United States District Court, Second Circuit

September 3, 2013

JOSE ACOSTA, Petitioner,
v.
PATRICK GRIFFIN, Respondent.

REPORT AND RECOMMENDATION

LORNA G. SCHOFIELD, District Judge.

I. INTRODUCTION

Pro Se Petitioner Jose Acosta ("Acosta"), a New York State prisoner at Sullivan Correctional Facility, seeks a writ of habeas corpus pursuant to 28 U.S.C. § 2254. On November 27, 2007, Acosta was convicted of robbery in the third degree (N.Y. Penal Law § 160.05) and sentenced to a prison term of fifteen years to life.
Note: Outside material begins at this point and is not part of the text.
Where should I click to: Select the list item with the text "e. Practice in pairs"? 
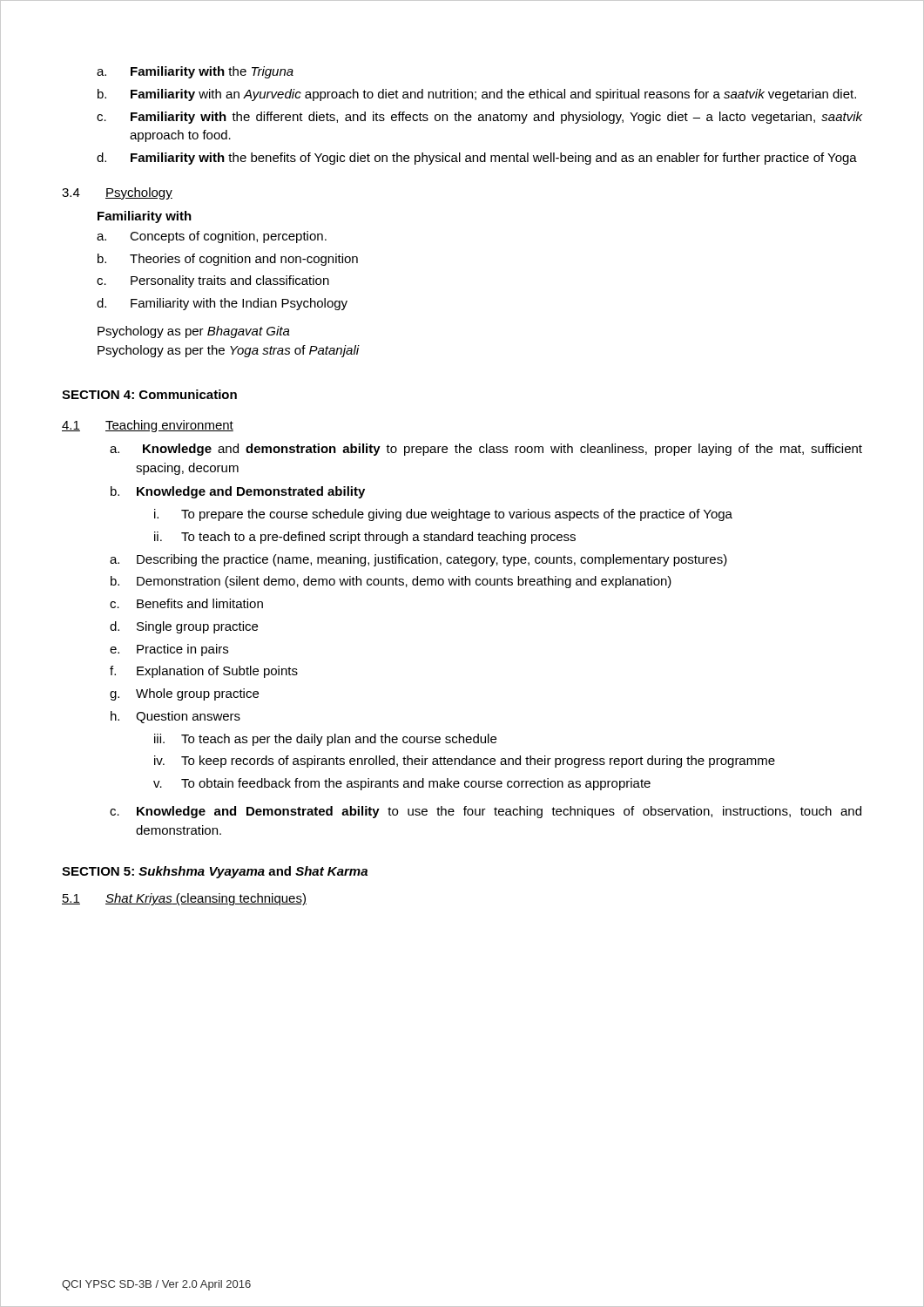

Acosta contends that his conviction violates the United States Constitution because (1) the sentencing court failed to properly implement New York's persistent felon statute by not allowing him to controvert the constitutionality of his past convictions and by failing to affirmatively state why his history and character warranted an extended sentence, (2) appellate counsel provided ineffective assistance in failing to argue that the trial court erred in not giving a missing witness charge for the Cantonese-speaking police officer, and (3) appellate counsel provided ineffective assistance in failing to argue that Acosta was improperly sentenced as a persistent felony offender. For the reasons set forth below, I recommend that the Petition be DENIED.

II. BACKGROUND

A. Factual History

On July 7, 2006, Acosta stole a gold chain and jade pendant from Puiling Wong's ("Wong") neck. (Trial Tr. at 32-33, 35.) While being chased by Wong, Acosta crashed into Police Officer Barbera ("Barbera"). Barbera arrested Acosta and retrieved the stolen property. ( Id. at 116-17.) Wong had a "slight cut" with "very little blood" on her lower lip, and pain in her neck. (Trial Tr. at 48, 66.)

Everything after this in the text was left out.